The web has obviously reached a high level of #enshitification. Paywalls, exclusive walled gardens, #Cloudflare, popups, CAPTCHAs, tor-blockades, dark patterns (esp. w/cookies), javascript that makes the website an app (not a doc), etc.

Status quo solution (failure):

#Lemmy & the #threadiverse were designed to inherently trust humans to only post links to non-shit websites, and to only upvote content that has no links or links to non-shit venues.

It’s not working. The social approach is a systemic failure.

The fix:

  • stage 1 (metrics collection): There needs to be shitification metrics for every link. Readers should be able to click a “this link is shit” button on a per-link basis & there should be tick boxes to indicate the particular variety of shit that it is.

  • stage 2 (metrics usage): If many links with the same hostname show a pattern of matching enshitification factors, the Lemmy server should automatically tag all those links with a warning of some kind (e.g. ⚠, 💩, 🌩).

  • stage 3 (inclusive alternative): A replacement link to a mirror is offered. E.g. youtube → (non-CF’d invidious instance), cloudflare → archive.org, medium.com → (random scribe.rip instance), etc.

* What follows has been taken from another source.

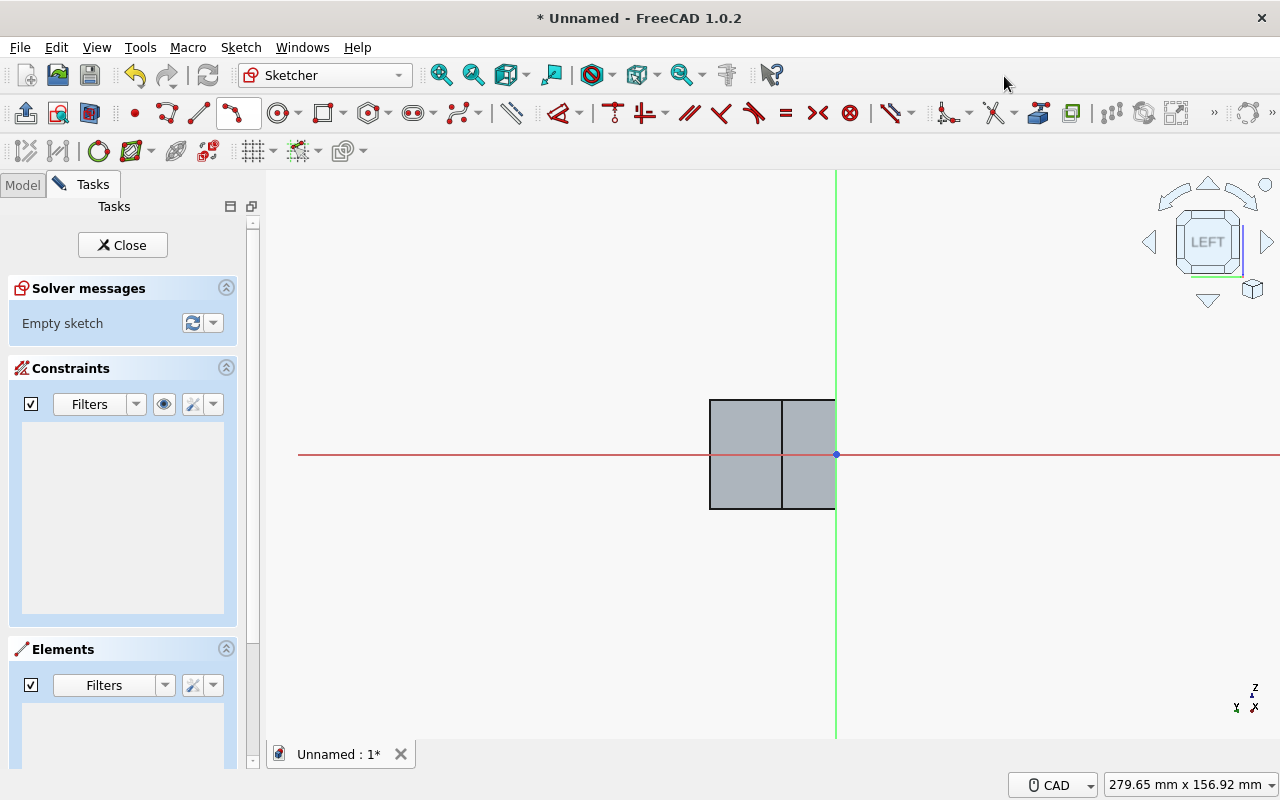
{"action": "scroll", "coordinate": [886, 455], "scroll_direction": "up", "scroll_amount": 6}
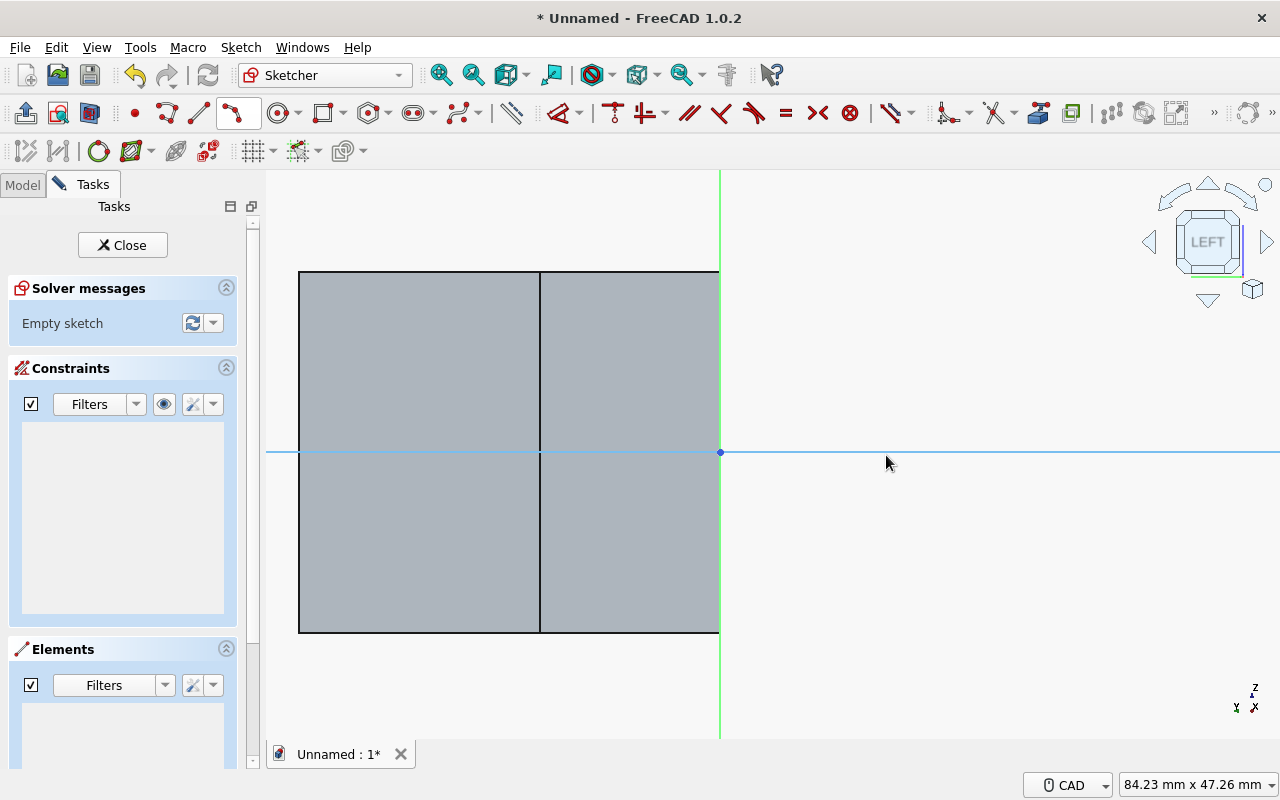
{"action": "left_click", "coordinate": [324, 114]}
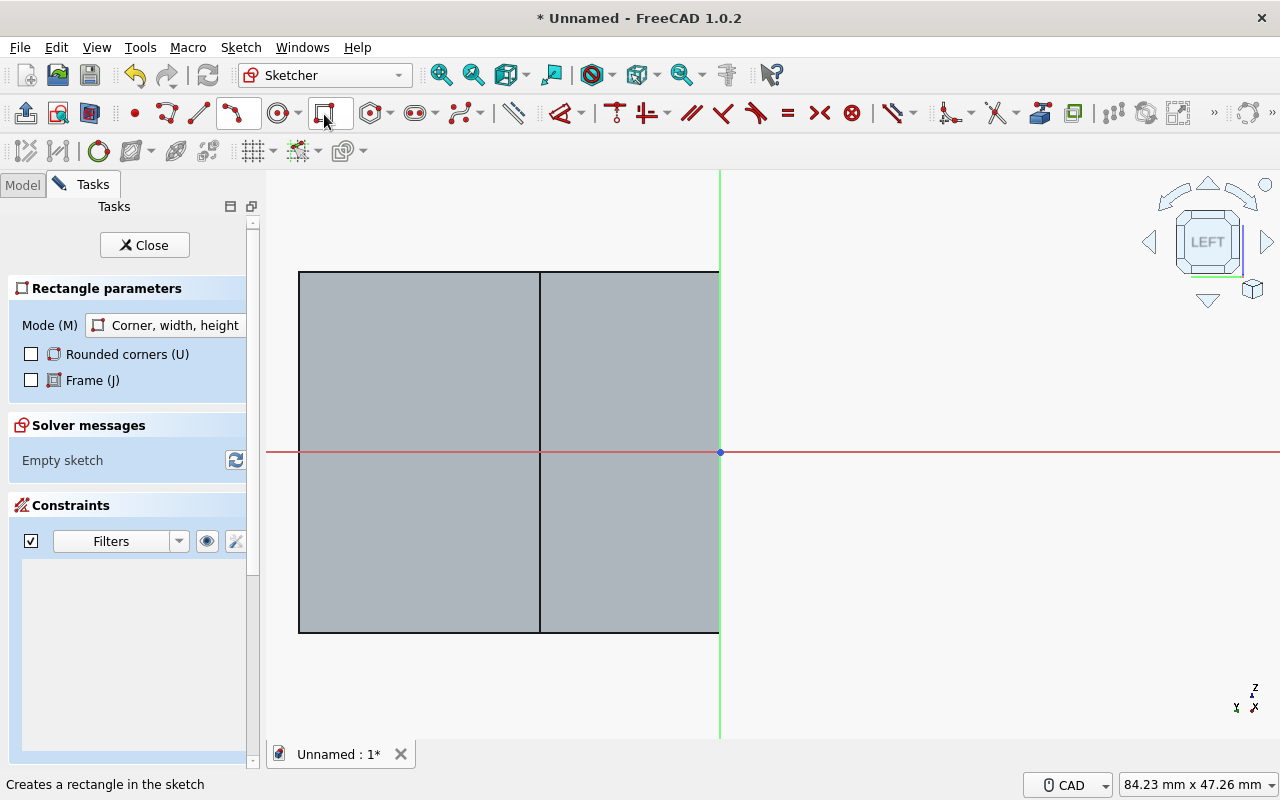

  • stage 4 (onsite archive): good samaritans and over-achievers should have the option to provide the full text for a given link so others can read the article without even fighting the site.

  • stage 5 (search reranking): whenever a human post a link and talks about it, search crawlers notice and give that site a high ranking. This is why search results have gotten lousy -- because the social approach has failed. Humans will post bad links. So links with a high enshitification score need to be obfuscated in some way (e.g. dots become asterisks) so search crawlers don’t overrate them going forward.

This needs to be recognized as a #LemmyBug.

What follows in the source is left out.